Rustam Aghayev

Personal information
- Full name: Rustam Aghayev
- Nationality: Azerbaijan
- Born: 1 May 1982 (age 44) Moscow, Russian SFSR, Soviet Union
- Height: 1.86 m (6 ft 1 in)
- Weight: 96 kg (212 lb)

Sport
- Style: Freestyle
- Club: Neftçi Baku (AZE)
- Coach: Dyevanshir Kurbanov

Medal record
Men's freestyle wrestling
Representing Azerbaijan
European Championships
| Silver medal – second place | 2004 Ankara | 96 kg |

= Rustam Aghayev =

Azerbaijani freestyle wrestler

Rustam Aghayev (Rüstəm Ağayev; born 1 May 1982 in Moscow, Russian SFSR) is a retired amateur Azerbaijani freestyle wrestler, who competed in the men's heavyweight category. He won a bronze medal in the 96-kg division at the 2004 European Wrestling Championships in Ankara, Turkey, and then represented his nation Azerbaijan at the Summer Olympics a few months later. Throughout his sporting career, Aghayev trained for Neftçi Sports Club in Baku, under his personal coach and mentor Dyevanshir Kurbanov.

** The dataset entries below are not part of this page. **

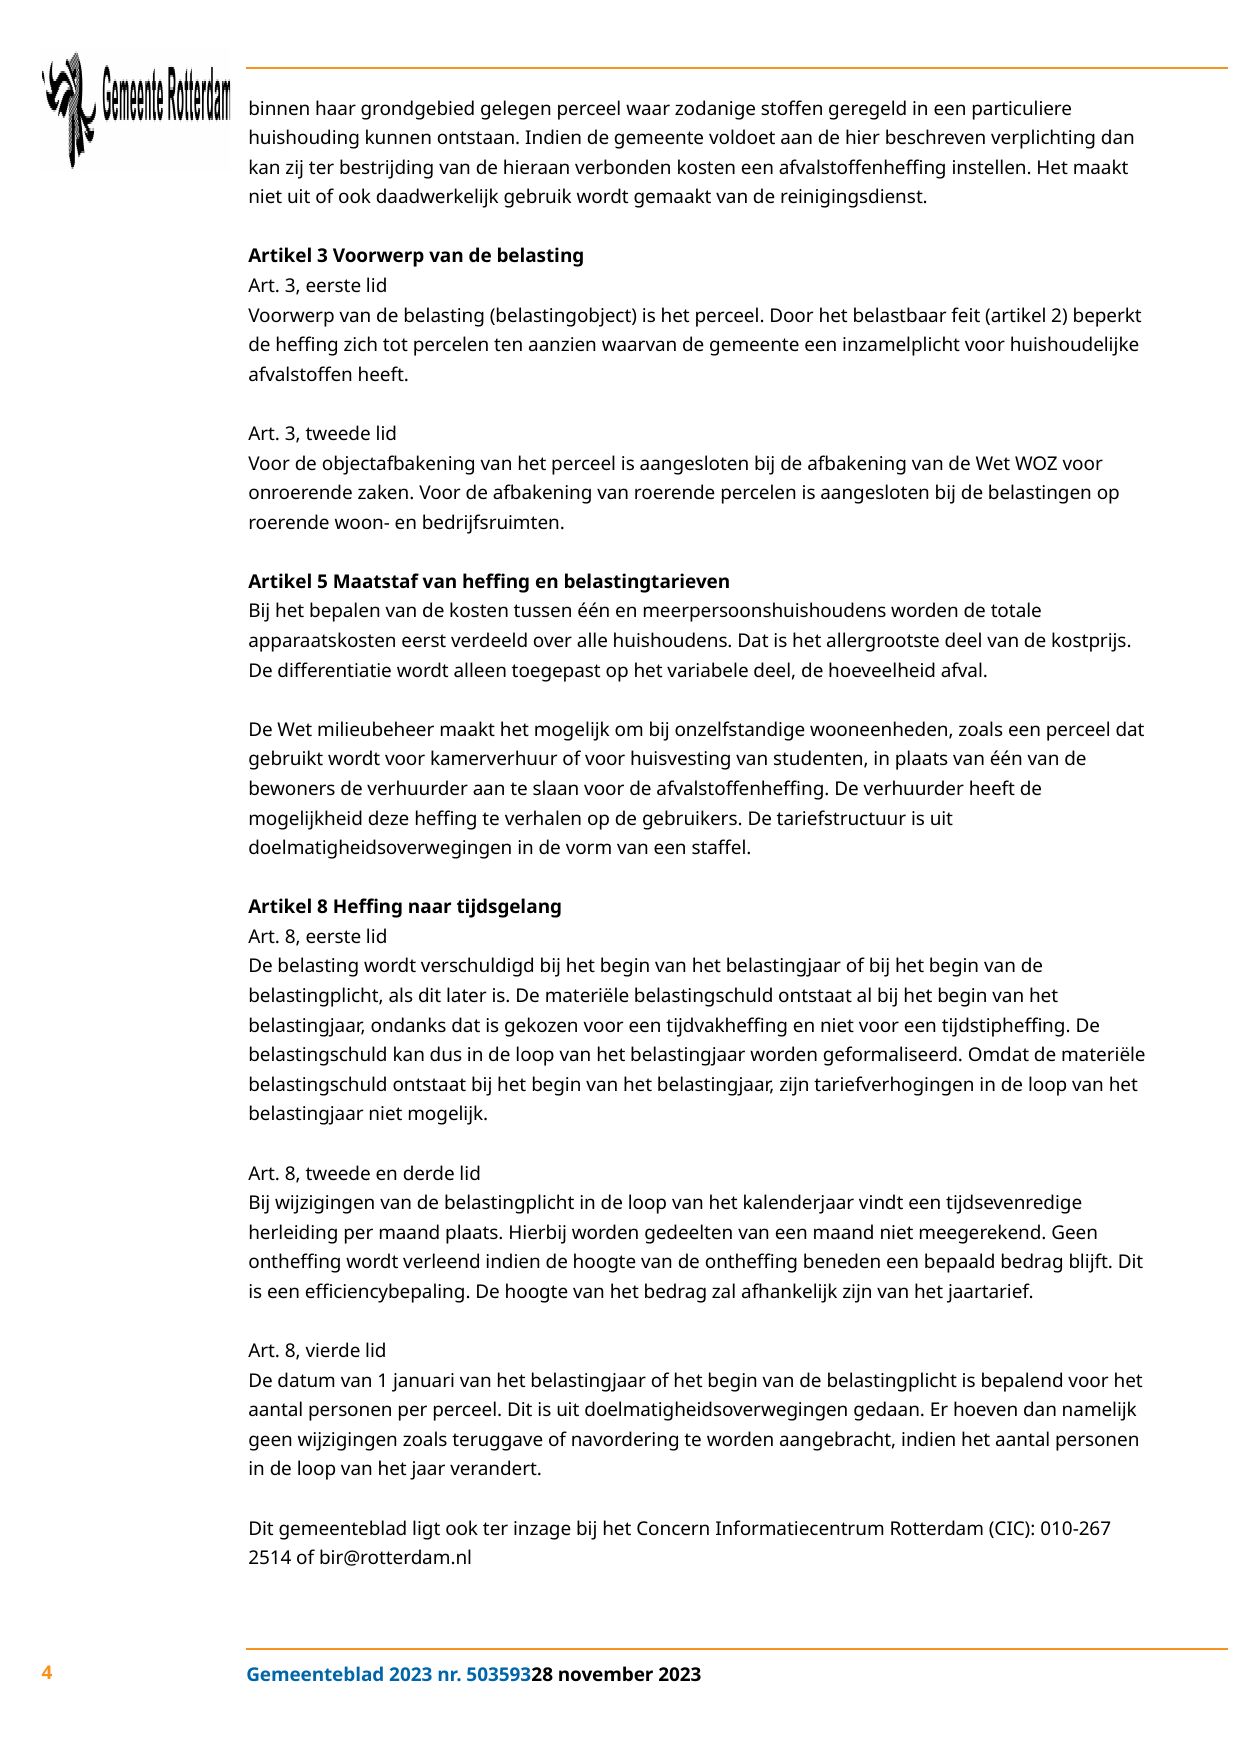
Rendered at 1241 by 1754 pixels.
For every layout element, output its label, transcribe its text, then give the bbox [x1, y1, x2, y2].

text Dit gemeenteblad ligt ook ter inzage bij het Concern Informatiecentrum Rotterdam (CIC): 010-267 2514 of bir@rotterdam.nl [248, 1515, 1152, 1570]
text Art. 8, eerste lid [248, 923, 1152, 949]
text Art. 3, tweede lid [248, 420, 1152, 446]
text Artikel 3 Voorwerp van de belasting [248, 243, 1152, 268]
text Bij het bepalen van de kosten tussen één en meerpersoonshuishoudens worden de totale apparaatskosten eerst verdeeld over alle huishoudens. Dat is het allergrootste deel van de kostprijs. De differentiatie wordt alleen toegepast op het variabele deel, de hoeveelheid afval. [248, 598, 1152, 683]
text De belasting wordt verschuldigd bij het begin van het belastingjaar of bij het begin van de belastingplicht, als dit later is. De materiële belastingschuld ontstaat al bij het begin van het belastingjaar, ondanks dat is gekozen voor een tijdvakheffing en niet voor een tijdstipheffing. De belastingschuld kan dus in de loop van het belastingjaar worden geformaliseerd. Omdat de materiële belastingschuld ontstaat bij het begin van het belastingjaar, zijn tariefverhogingen in de loop van het belastingjaar niet mogelijk. [248, 953, 1152, 1126]
text De Wet milieubeheer maakt het mogelijk om bij onzelfstandige wooneenheden, zoals een perceel dat gebruikt wordt voor kamerverhuur of voor huisvesting van studenten, in plaats van één van de bewoners de verhuurder aan te slaan voor de afvalstoffenheffing. De verhuurder heeft de mogelijkheid deze heffing te verhalen op de gebruikers. De tariefstructuur is uit doelmatigheidsoverwegingen in de vorm van een staffel. [248, 716, 1152, 860]
text De datum van 1 januari van het belastingjaar of het begin van de belastingplicht is bepalend voor het aantal personen per perceel. Dit is uit doelmatigheidsoverwegingen gedaan. Er hoeven dan namelijk geen wijzigingen zoals teruggave of navordering te worden aangebracht, indien het aantal personen in de loop van het jaar verandert. [248, 1367, 1152, 1481]
text binnen haar grondgebied gelegen perceel waar zodanige stoffen geregeld in een particuliere huishouding kunnen ontstaan. Indien de gemeente voldoet aan de hier beschreven verplichting dan kan zij ter bestrijding van de hieraan verbonden kosten een afvalstoffenheffing instellen. Het maakt niet uit of ook daadwerkelijk gebruik wordt gemaakt van de reinigingsdienst. [248, 95, 1152, 209]
picture [41, 47, 231, 172]
text Art. 3, eerste lid [248, 272, 1152, 298]
text Artikel 8 Heffing naar tijdsgelang [248, 893, 1152, 919]
text Bij wijzigingen van de belastingplicht in de loop van het kalenderjaar vindt een tijdsevenredige herleiding per maand plaats. Hierbij worden gedeelten van een maand niet meegerekend. Geen ontheffing wordt verleend indien de hoogte van de ontheffing beneden een bepaald bedrag blijft. Dit is een efficiencybepaling. De hoogte van het bedrag zal afhankelijk zijn van het jaartarief. [248, 1189, 1152, 1304]
text Voor de objectafbakening van het perceel is aangesloten bij de afbakening van de Wet WOZ voor onroerende zaken. Voor de afbakening van roerende percelen is aangesloten bij de belastingen op roerende woon- en bedrijfsruimten. [248, 450, 1152, 535]
text Art. 8, tweede en derde lid [248, 1160, 1152, 1186]
text Art. 8, vierde lid [248, 1337, 1152, 1363]
text Voorwerp van de belasting (belastingobject) is het perceel. Door het belastbaar feit (artikel 2) beperkt de heffing zich tot percelen ten aanzien waarvan de gemeente een inzamelplicht voor huishoudelijke afvalstoffen heeft. [248, 302, 1152, 387]
text Artikel 5 Maatstaf van heffing en belastingtarieven [248, 568, 1152, 594]

Aghayev qualified for his adopted Azerbaijan squad in the men's heavyweight class (96 kg) at the 2004 Summer Olympics in Athens, by placing third and receiving a berth from the Olympic Qualification Tournament in Bratislava, Slovakia. In the prelim pool, Aghayev eclipsed Kazakhstan's Islam Bairamukov with a 7–2 division on his opening bout, and grappled Namibia's Nico Jacobs into the ring at the peak of the first minute by an eleven-point advantage, earning him a spot for the quarterfinals. Followed by the next day's session, Aghayev could not push Iranian wrestler Alireza Heidari off the mat with a 5–0 defeat in the quarterfinal match, but offered a chance to redeem himself as he pinned China's Wang Yuanyuan in nearly a full minute for a fifth-place finish.